§ **Assigned task**
Nothing but the pictures should be left out when the entries below are duplicated.

§ **Records supplied**

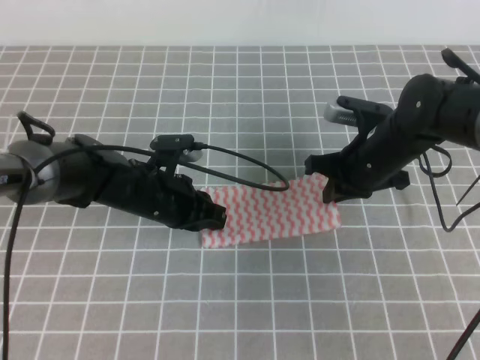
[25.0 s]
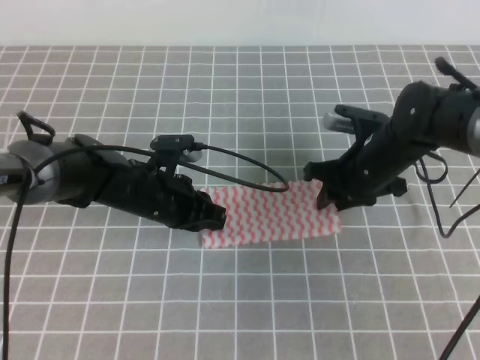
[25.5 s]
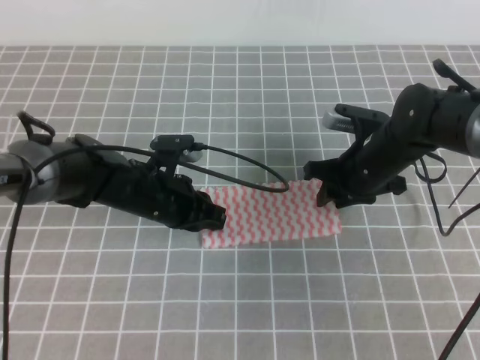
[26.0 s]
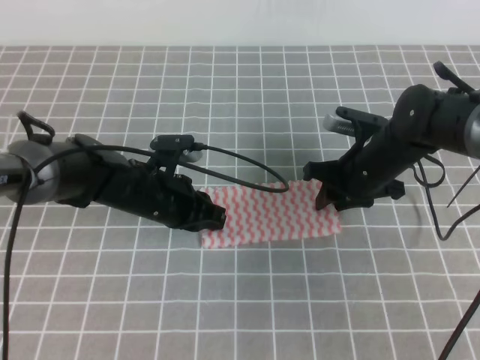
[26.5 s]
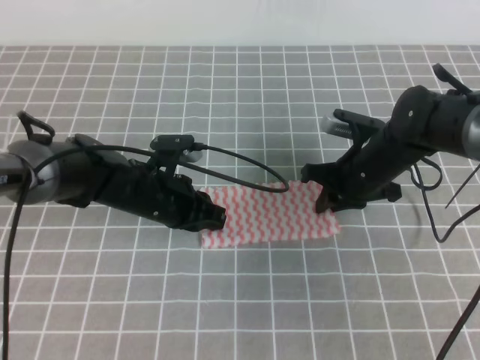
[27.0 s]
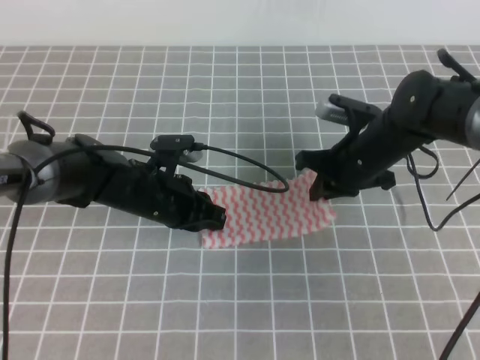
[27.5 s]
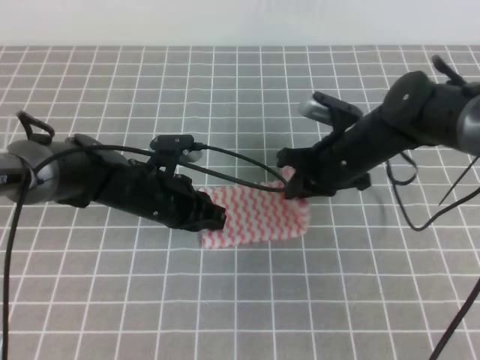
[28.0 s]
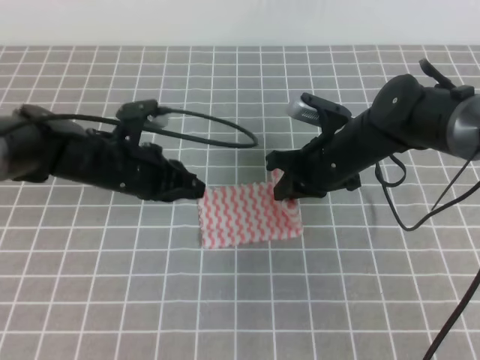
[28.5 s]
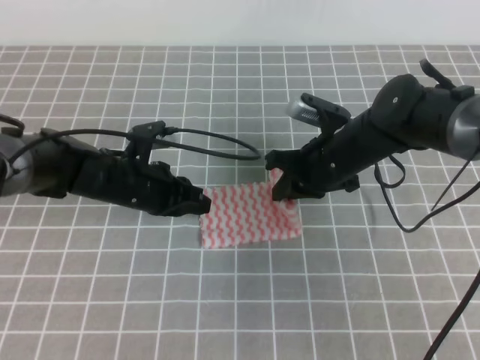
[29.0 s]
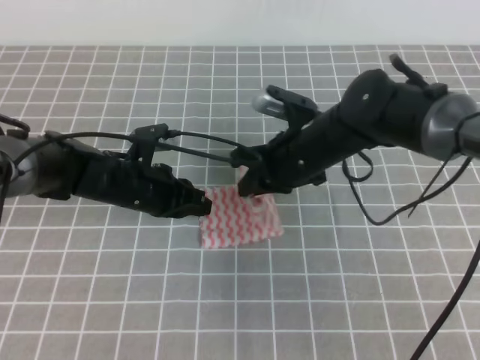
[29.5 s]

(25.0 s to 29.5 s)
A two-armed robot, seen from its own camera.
25.0 s - 27.0 s: The right gripper opens, then closes again.
27.0 s - 29.5 s: The right gripper is displaced to the left by about 10 cm.

§ **Exercise output**
[25.0 s]
[25.5 s]
[26.0 s]
[26.5 s]
[27.0 s]
[27.5 s]
[28.0 s]
[28.5 s]
[29.0 s]
[29.5 s]

(25.0 s to 29.5 s)
A two-armed robot, seen from its own camera.
25.0 s - 27.0 s: The right gripper opens, then closes again.
27.0 s - 29.5 s: The right gripper is displaced to the left by about 10 cm.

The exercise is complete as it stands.